= TASK INSTRUCTIONS =
If a line of the listing contains the string "History", return that line.

################

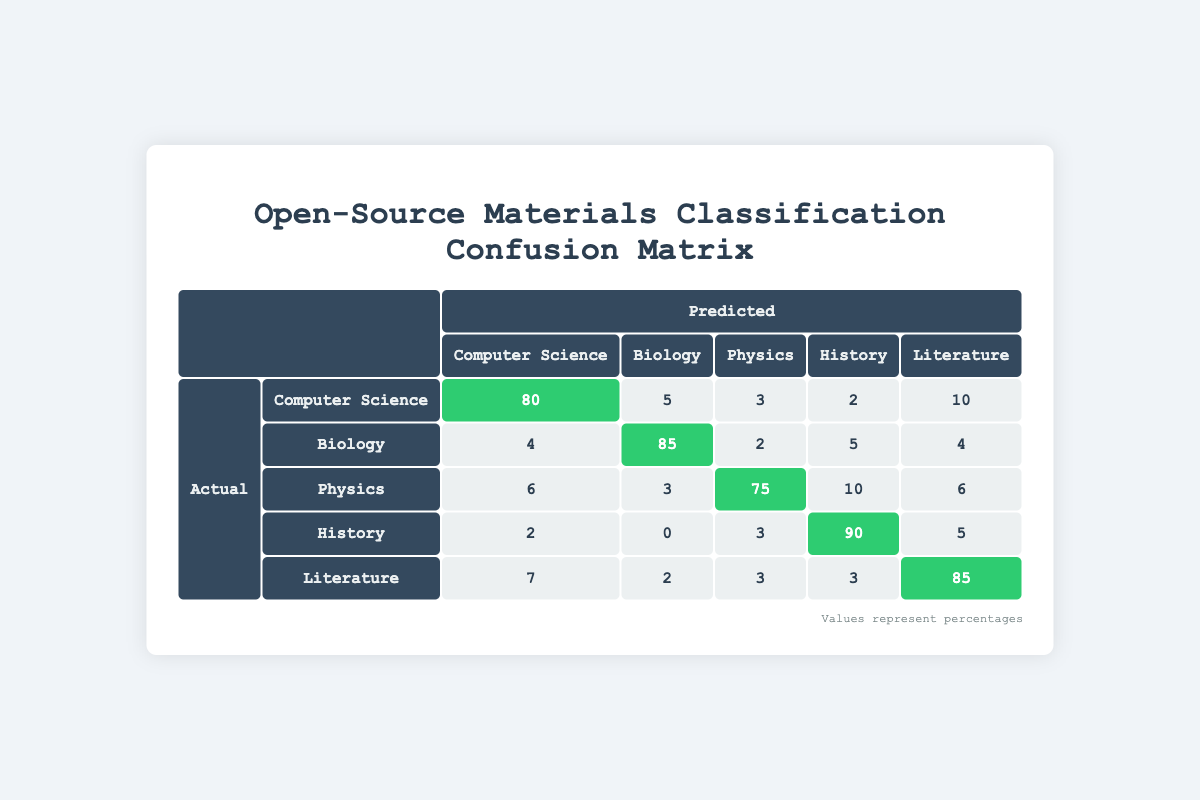What is the number of actual Computer Science materials predicted correctly? In the confusion matrix, looking at the row for Computer Science under the actual column, the value corresponding to the predicted Computer Science is 80.
Answer: 80 What percentage of Biology materials were misclassified as Computer Science? The number of actual Biology materials predicted as Computer Science is 4. To find the percentage, divide this by the total actual Biology materials, which is 85 (predicted correctly) + 4 (misclassified) + 2 + 5 + 4 = 100. Thus, the percentage is (4/100) * 100 = 4%.
Answer: 4% Is it true that more Literature materials were predicted as Physics than as History? The number of actual Literature materials predicted as Physics is 3 and predicted as History is 3 as well. Since both values are equal, the statement is false.
Answer: No What is the total number of actual Physics materials predicted incorrectly? To find this, we add the numbers in the Physics row excluding the correctly predicted value: 6 (Computer Science) + 3 (Biology) + 10 (History) + 6 (Literature) = 25. Thus, the total number of incorrectly predicted Physics materials is 25.
Answer: 25 What is the average number of materials predicted correctly across all subject areas? The total number of correctly predicted materials is 80 (Computer Science) + 85 (Biology) + 75 (Physics) + 90 (History) + 85 (Literature) = 415. There are 5 subject areas, so the average is 415/5 = 83.
Answer: 83 How many predicted errors occurred in the History category? In the confusion matrix, the number of actual History materials predicted incorrectly is the sum of the values in the History row excluding the predicted History value: 2 (Computer Science) + 0 (Biology) + 3 (Physics) + 5 (Literature) = 10.
Answer: 10 What subject area has the lowest number of correct predictions? By looking at the diagonal values of the confusion matrix, the subject area with the lowest correct predictions is Physics, with 75.
Answer: Physics What is the total count of all materials predicted as Literature? Summing up the values in the predicted Literature column: 10 (Computer Science) + 4 (Biology) + 6 (Physics) + 5 (History) + 85 (Literature) = 110.
Answer: 110 
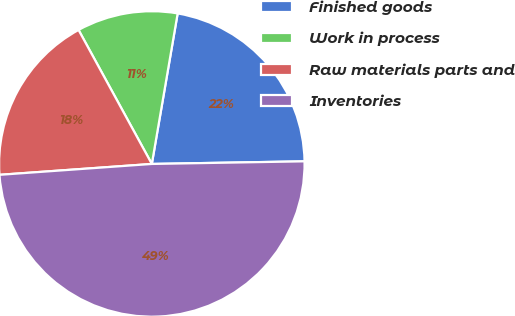Convert chart. <chart><loc_0><loc_0><loc_500><loc_500><pie_chart><fcel>Finished goods<fcel>Work in process<fcel>Raw materials parts and<fcel>Inventories<nl><fcel>22.02%<fcel>10.67%<fcel>18.17%<fcel>49.14%<nl></chart> 
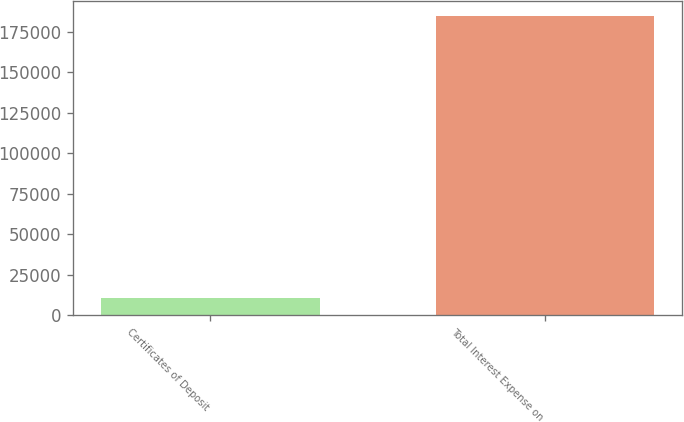Convert chart to OTSL. <chart><loc_0><loc_0><loc_500><loc_500><bar_chart><fcel>Certificates of Deposit<fcel>Total Interest Expense on<nl><fcel>10780<fcel>185032<nl></chart> 
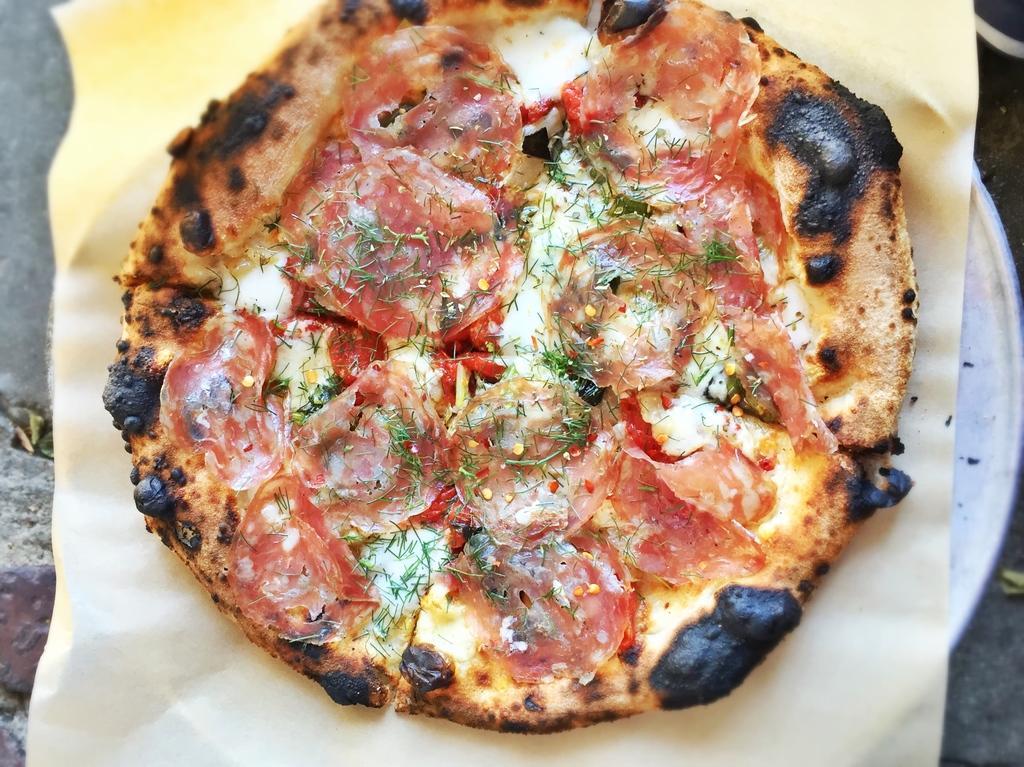Can you describe this image briefly? In this picture, it seems like a pizza on a tissue. 
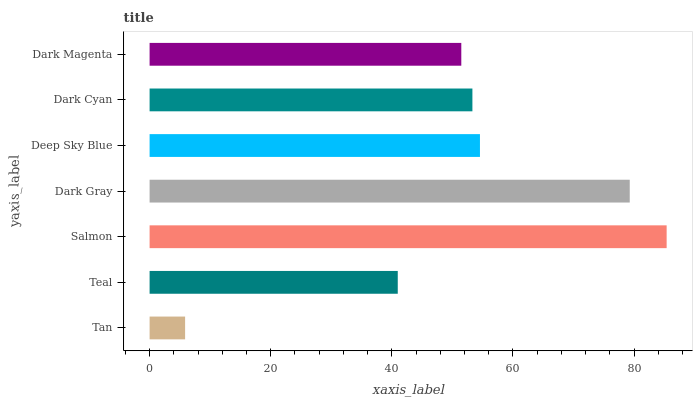Is Tan the minimum?
Answer yes or no. Yes. Is Salmon the maximum?
Answer yes or no. Yes. Is Teal the minimum?
Answer yes or no. No. Is Teal the maximum?
Answer yes or no. No. Is Teal greater than Tan?
Answer yes or no. Yes. Is Tan less than Teal?
Answer yes or no. Yes. Is Tan greater than Teal?
Answer yes or no. No. Is Teal less than Tan?
Answer yes or no. No. Is Dark Cyan the high median?
Answer yes or no. Yes. Is Dark Cyan the low median?
Answer yes or no. Yes. Is Deep Sky Blue the high median?
Answer yes or no. No. Is Deep Sky Blue the low median?
Answer yes or no. No. 
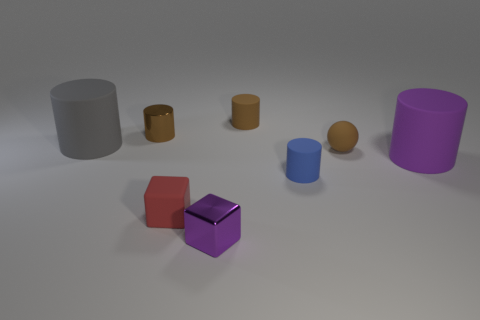Subtract all brown metallic cylinders. How many cylinders are left? 4 Add 2 big cylinders. How many objects exist? 10 Subtract all purple cubes. How many cubes are left? 1 Subtract 1 cylinders. How many cylinders are left? 4 Subtract all gray cylinders. Subtract all blue blocks. How many cylinders are left? 4 Subtract all cyan balls. How many blue cylinders are left? 1 Subtract all small metal things. Subtract all small purple blocks. How many objects are left? 5 Add 1 big things. How many big things are left? 3 Add 8 rubber balls. How many rubber balls exist? 9 Subtract 0 green cubes. How many objects are left? 8 
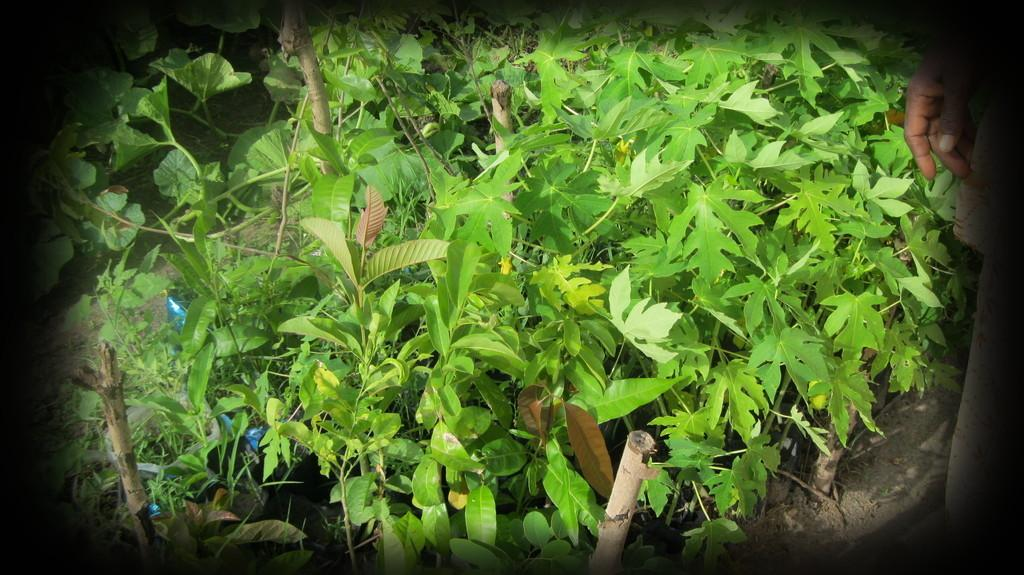What type of living organisms can be seen in the image? Plants can be seen in the image. What objects are made of a rigid material in the image? Sticks are present in the image. Whose hand is visible in the image? A person's hand is visible in the image. What type of hat is the person wearing in the image? There is no hat present in the image; only a person's hand is visible. What type of cracker is being used to feed the plants in the image? There is no cracker present in the image; the plants and sticks are the main subjects. 
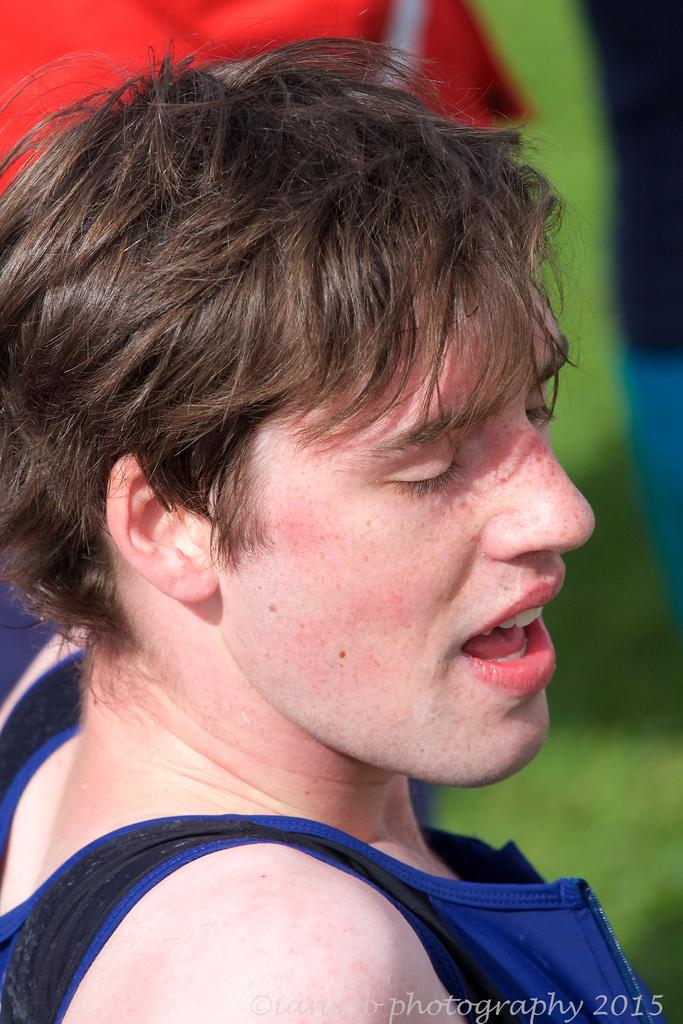What is the main subject of the image? There is a person in the image. Can you describe the background of the image? The background of the image is blurred. Is there any additional information or markings on the image? Yes, there is a watermark at the bottom of the image. What type of pain is the person experiencing in the image? There is no indication of pain or any emotional state in the image; it only shows a person with a blurred background and a watermark. 
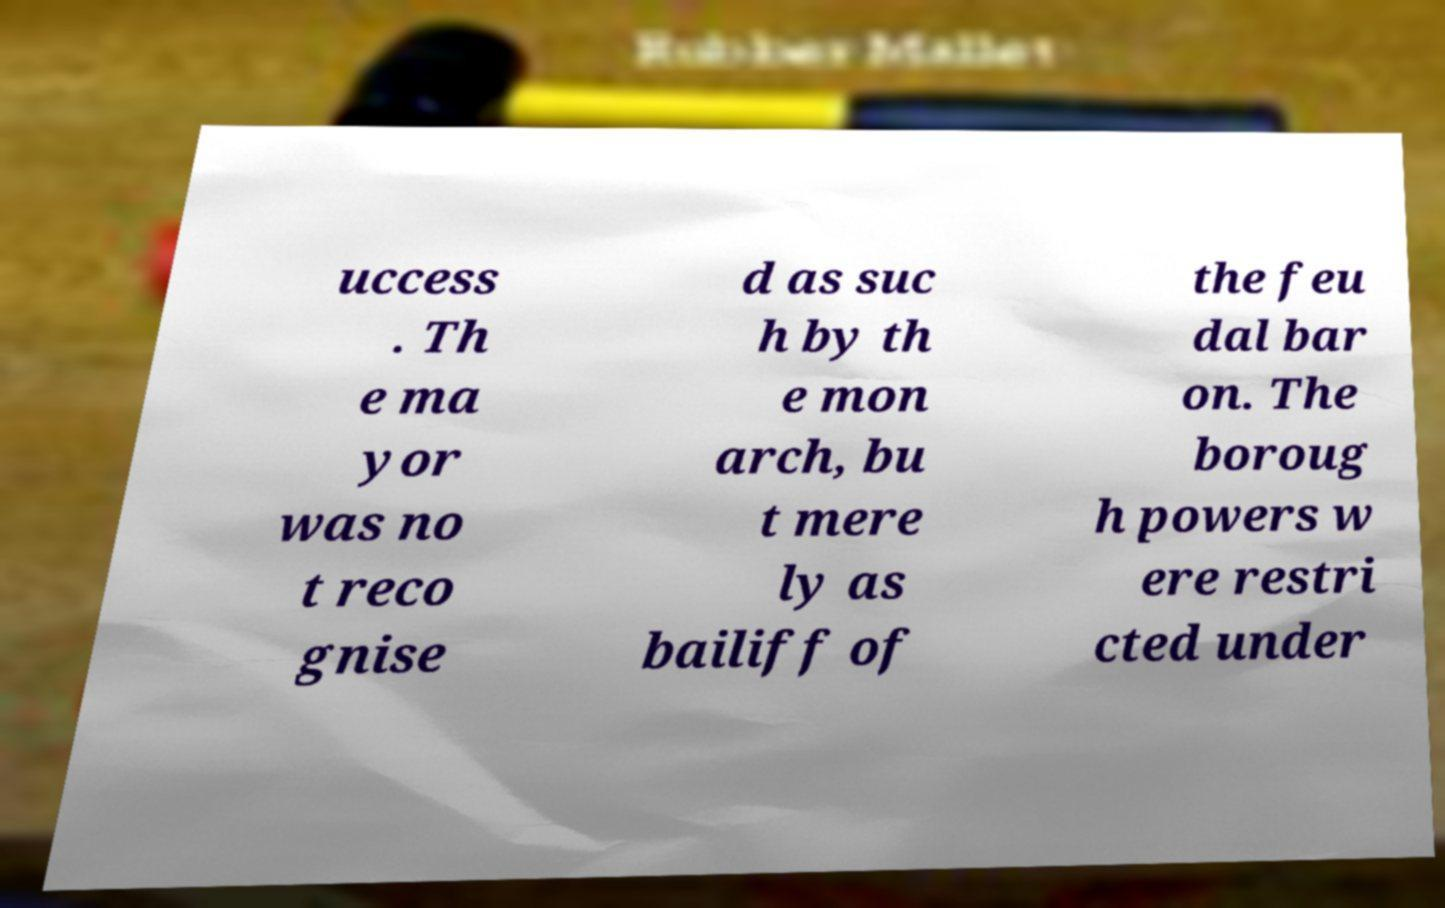Please identify and transcribe the text found in this image. uccess . Th e ma yor was no t reco gnise d as suc h by th e mon arch, bu t mere ly as bailiff of the feu dal bar on. The boroug h powers w ere restri cted under 
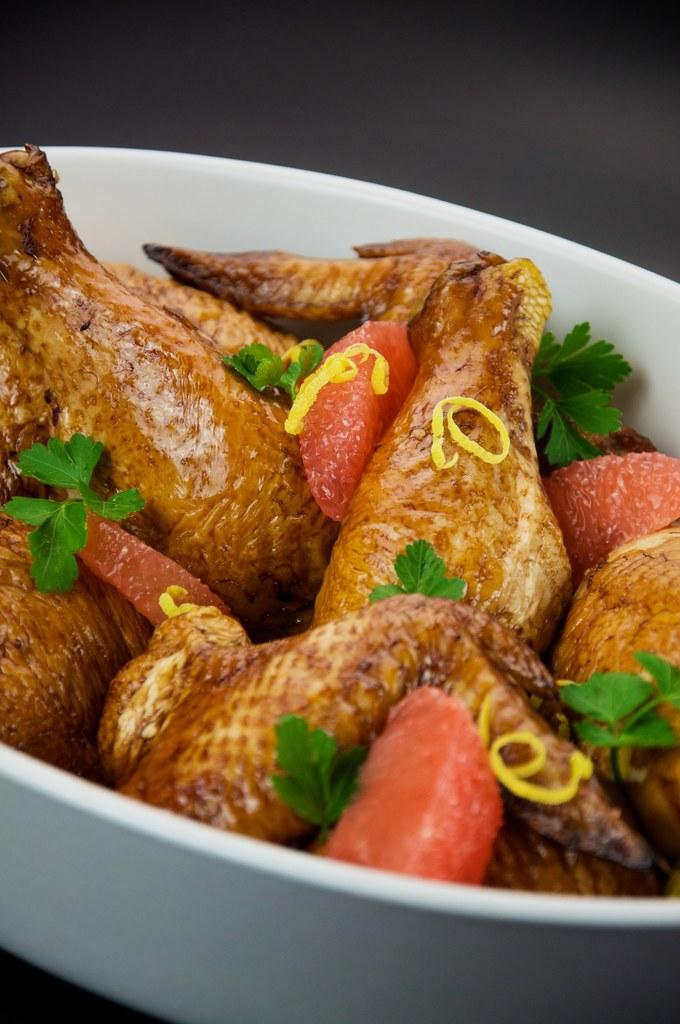What type of food is present in the image? There are chicken pieces and strawberries in the image. What herb can be seen in the image? Mint is present in the image. How are the food items and herb arranged in the image? They are in a bowl. What can be inferred about the lighting conditions in the image? The background of the image appears dark. What type of cord is visible in the image? There is no cord present in the image. What type of wood can be seen in the image? There is no wood present in the image.

################

= EXERCISE ANSWER =
Answer: 4% Is it true that more Literature materials were predicted as Physics than as History? The number of actual Literature materials predicted as Physics is 3 and predicted as History is 3 as well. Since both values are equal, the statement is false.
Answer: No What is the total number of actual Physics materials predicted incorrectly? To find this, we add the numbers in the Physics row excluding the correctly predicted value: 6 (Computer Science) + 3 (Biology) + 10 (History) + 6 (Literature) = 25. Thus, the total number of incorrectly predicted Physics materials is 25.
Answer: 25 What is the average number of materials predicted correctly across all subject areas? The total number of correctly predicted materials is 80 (Computer Science) + 85 (Biology) + 75 (Physics) + 90 (History) + 85 (Literature) = 415. There are 5 subject areas, so the average is 415/5 = 83.
Answer: 83 How many predicted errors occurred in the History category? In the confusion matrix, the number of actual History materials predicted incorrectly is the sum of the values in the History row excluding the predicted History value: 2 (Computer Science) + 0 (Biology) + 3 (Physics) + 5 (Literature) = 10.
Answer: Physics What is the total count of all materials predicted as Literature? Summing up the values in the predicted Literature column: 10 (Computer Science) + 4 (Biology) + 6 (Physics) + 5 (History) + 85 (Literature) = 110.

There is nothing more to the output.